In many ways, the procedure for a probation revocation hearing is very similar to that of a full trial. However, the prosecution has an easier task in a revocation hearing than in an actual trial. Please note that the actual details of the procedure will vary from state to state.
When a person is charged with violating their probation, they are entitled to two hearings. The first is a preliminary hearing to determine whether there is probable cause to believe that they have actually violated their probation. At such a preliminary hearing, the defendant has the right to an attorney, the right to present evidence and witnesses, and some ability to confront the evidence offered against them. The witnesses are under oath and records are kept. The defendant is released if no probable cause is found but is kept in custody pending a final hearing if the judge finds probable cause.

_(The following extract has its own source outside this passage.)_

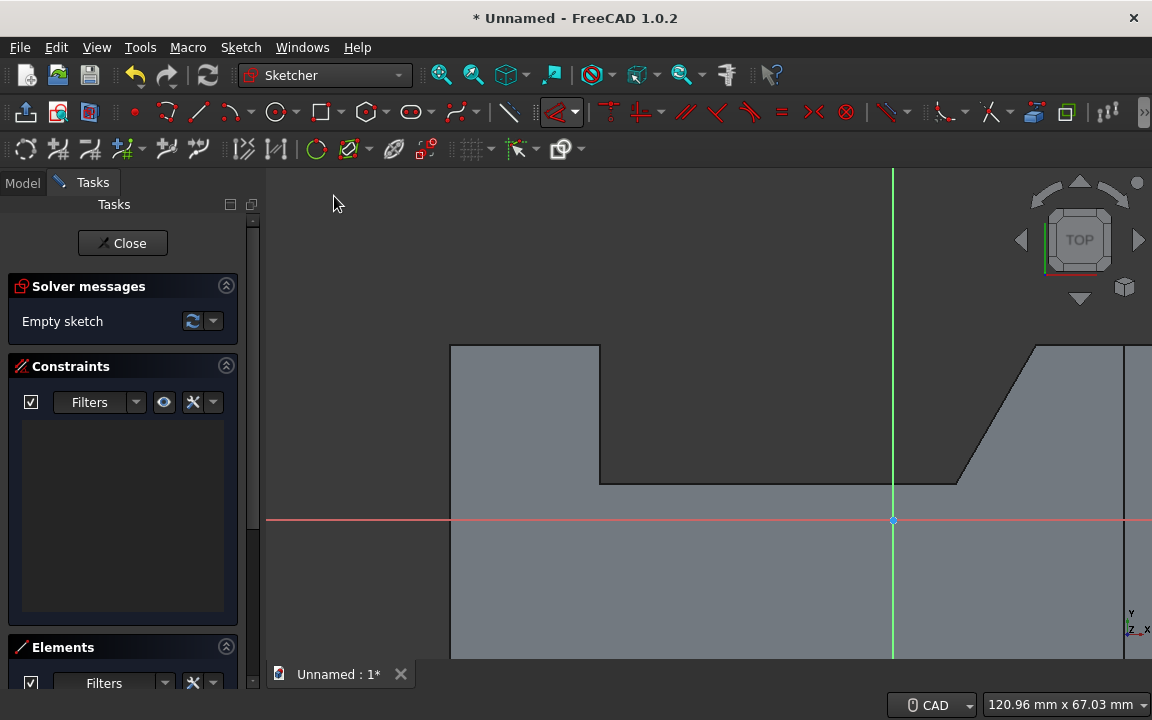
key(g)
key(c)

If probable cause is found, there will be a final revocation hearing. The defendant has the same rights as in the preliminary hearing, though they do have an expanded right to confront witnesses against them. In the final hearing, the judge (both hearings are before judges, not before juries) has to find that a preponderance of the evidence shows that the defendant has violated their probation. This is a lower threshold than the “beyond a reasonable doubt” threshold needed to convict a person of a crime.
If the defendant is found guilty, the conditions of their probation may be modified. For example, they may have their freedom to move around limited, with that limitation enforced by electronic surveillance devices. Alternatively, they might have their term of probation extended. These are two options other than incarceration or a simple continuation of their previous sentence.